The Standard Library provides sets, multisets, maps, and multimaps, which are all typically implemented as balanced binary search trees. Maps and multimaps are associative containers, that associate a key with a value. Multimaps are different from maps in that they allow multiple values for a given key.
A concordance is an alphabetical list of the words in a text, with citations of the passages concerned. It is more useful if the words are first sorted by length, then alphabetically. Here is a smaller sample output of the program you will write. (Compare it to your own writing.)

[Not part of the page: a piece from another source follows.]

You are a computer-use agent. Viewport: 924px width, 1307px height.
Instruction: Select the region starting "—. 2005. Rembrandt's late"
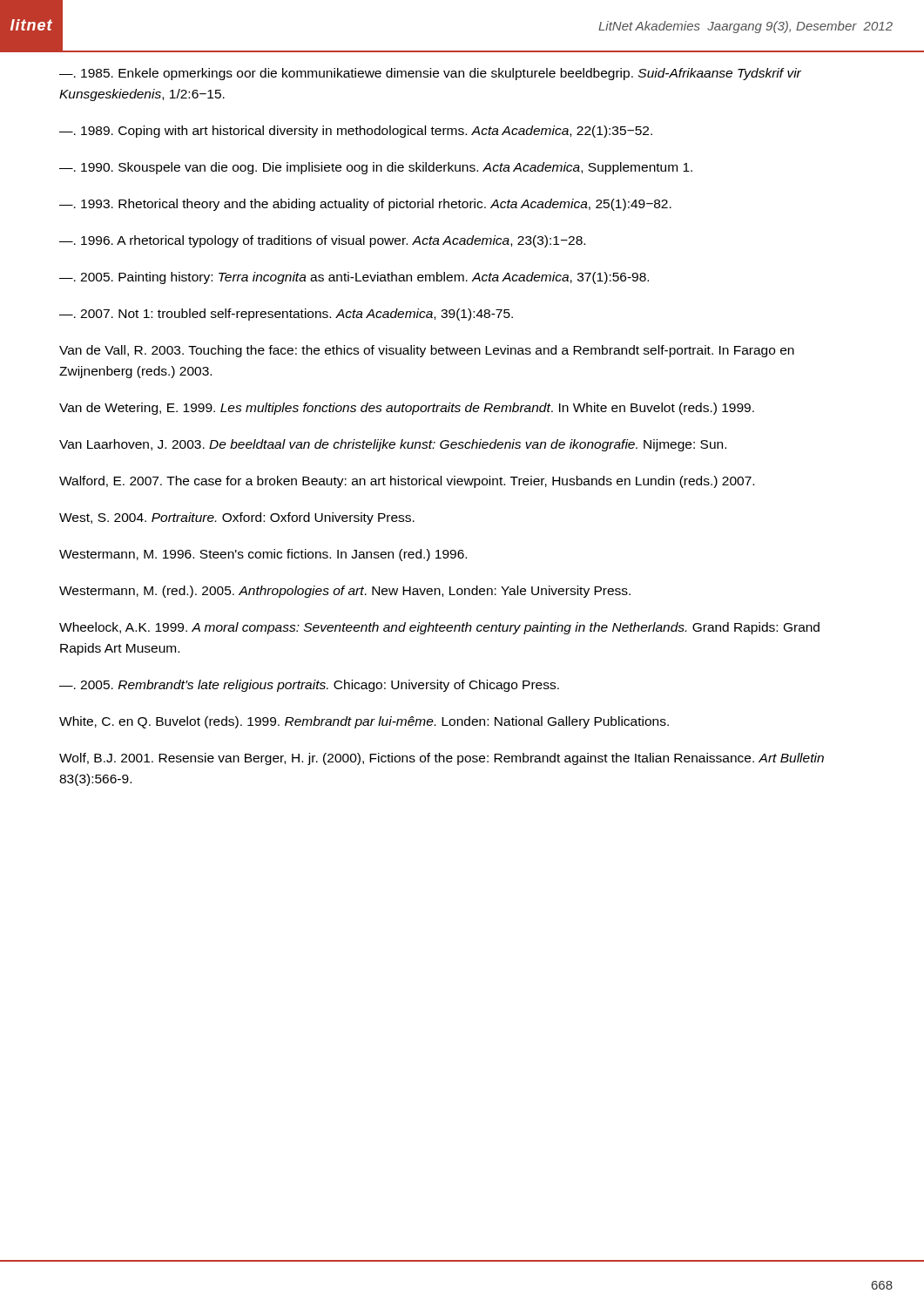[x=310, y=685]
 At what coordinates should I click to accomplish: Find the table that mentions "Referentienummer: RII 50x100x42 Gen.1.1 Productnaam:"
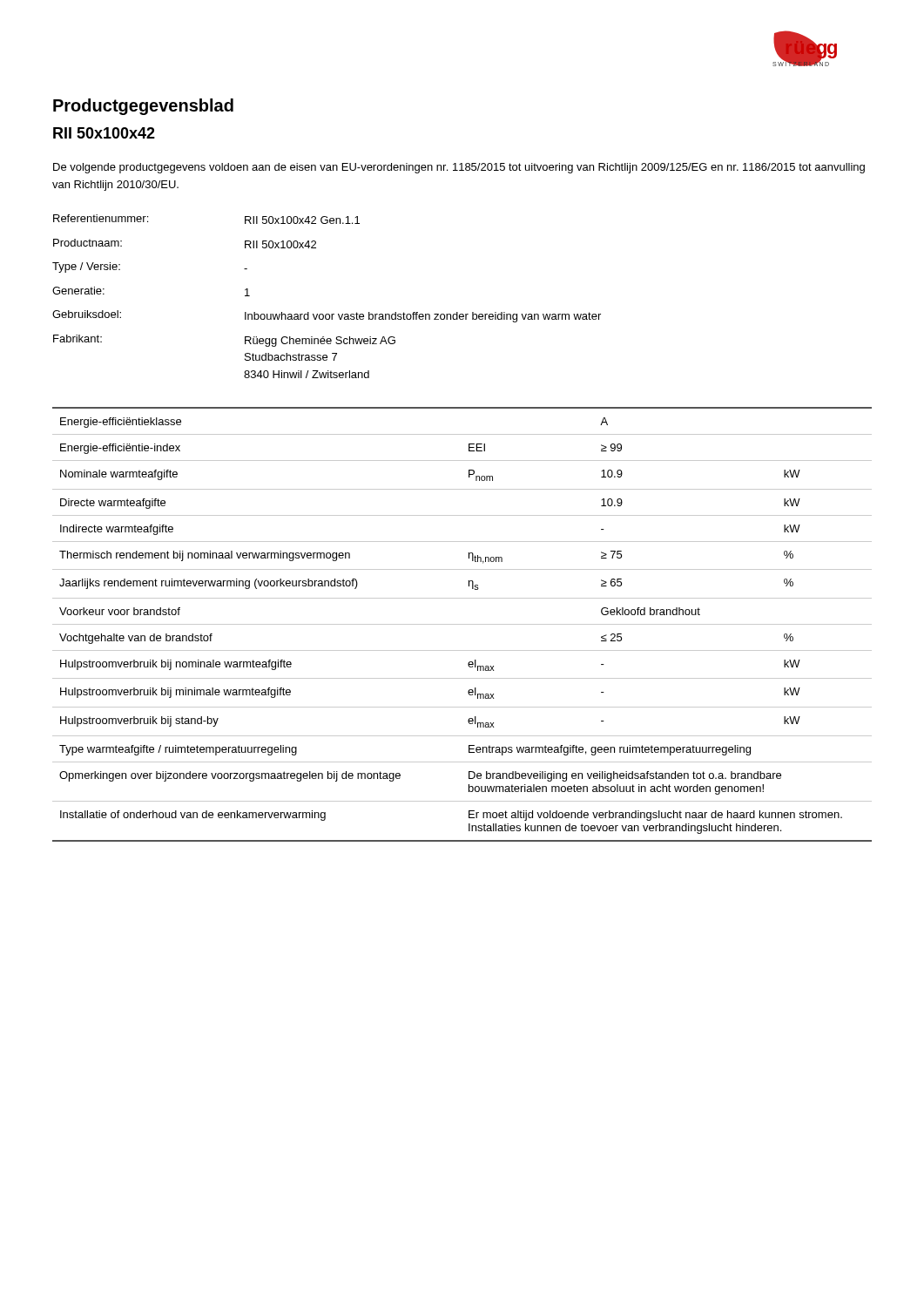[x=462, y=297]

//-------------------------------------------------------------------------- //-------------------------------------------------------------------------- // MAKING CONCORDANCE with FILE: hp1_page1.txt...... a: 2 3 4 6 7 8 10 as: 2 5 7 10 at: 9 10 be: 1 5 7 he: 2 7 10 if: 3 5 in: 1 2 4 5 it: 3 5 mr: 1 2 7 9 10 no: 2 of: 1 2 8 10 on: 2 7 9 or: 1 so: 2 to: 1 5 7 9 up: 7 9 all: 7 and: 1 2 3 5 7 9 10 any: 2 big: 2 boy: 2 6 but: 3 6 9 car: 10 did: 2 for: 3 6 7 got: 10 had: 2 3 6 her: 2 4 5 him: 6 his: 7 9 10 man: 2 met: 3 mrs: 1 2 3 4 7 9 now: 10 our: 7 out: 3 7 10 owl: 8 say: 1 5 she: 2 4 7 sky: 7 son: 2 6 the: 1 2 3 5 6 7 8 9 10
The numbers next to each word indicate the line numbers at which the word was found.
You are given a partial implementation of a concordance class. It contains the class declaration, the minimum and maximum length of words to analyze (e.g., from 4 letter words to 12 letter words), a multimap (
std::multimap<std::string, size_t, StringLenCmp>), and a vector (
std::vector<size_t>). The StringLenCmp class is provided. The vector counts how many unique words of each length occurred (it doesn’t count the number of times that word occurred). The Comparator class only defines operator(), sometimes called the function call operator. As you can see from the code, its only job is to tell the multimap to sort the entries first by word length, then alphabetically. Nothing to it!
Your job is to complete the concordance class (concordance.h), so that it correctly calculates the number of words in three separate pieces of text, all from the book: Harry Potter and the Sorceror’s Stone. The first piece of text is the first paragraph from the book. The second piece is the first page (and a bit more to finish the paragraph). The last piece is the entire first chapter from the book.
You are given “skeleton” code files with declarations that may be incomplete and without any implementation. Implement the code and ensure that all the tests in main.cpp pass successfully.
- concordance.h: This is to be completed
- Note: the functions to read from a file and split a line into words is already given to you. You need to implement the remaining 4 public member functions.
- main.cpp: This calls a test function (in main.cpp) that tests the output of your concordance class. You may wish to add additional tests, based on the ones already provided.
- README.md: You must edit this file to include the name and CSUF email of each student in your group. Do this even if you are working by yourself. This information will be used so that we can enter your grades into Titanium.
As you start implementing the concordance class, comment out the tests in main.cpp that you haven’t implemented yet in your class. As you fill in the code for your class, uncomment the matching tests to make sure your class is working. Keep testing your code as you implement it. It is much easier to debug one method in your class than all of the methods at the same time.
Do not wait till the very end to test your code. Speak to your teachers if you need help designing your approach, or are having trouble compiling or debugging your code. const errors can frequently prevent your code from compiling. Note also that it is possible to be 95% of the way finished, but have the impression you are miles away. Your instructor can help you get over that final 5% if you need help. Don’t hesitate to ask.
There are two types of output: 1) the counts of words of each length and 2) the list of words sorted by length along with their page numbers.
When you complete your project, all of the tests of word counts should run correctly. Expected output is shown below, for the concordance of all three input files.
In addition to the automated tests of word counts, you are also expected to print the list of words and page numbers by iterating through the multimap. The challenge is to print only once and not to repeat page numbers. Sample output is shown in this file.
Click the assignment link to fork your own copy of the skeleton code to your PC.
The test platform is Linux with the g++ -std=c++14 compiler. For this reason, the recommended development platform is Linux.
To attempt to compile the test program, use the following command:
clang++ -g -std=c++14 main.cpp -o test
To attempt to run the compiled test program, use the following command:
Your grade will be comprised of two parts, Form and Function. Function refers to whether your code works properly as tested by the main function. Form refers to the design, organization, and presentation of your code. An instructor will read your code and evaluate these aspects of your submission.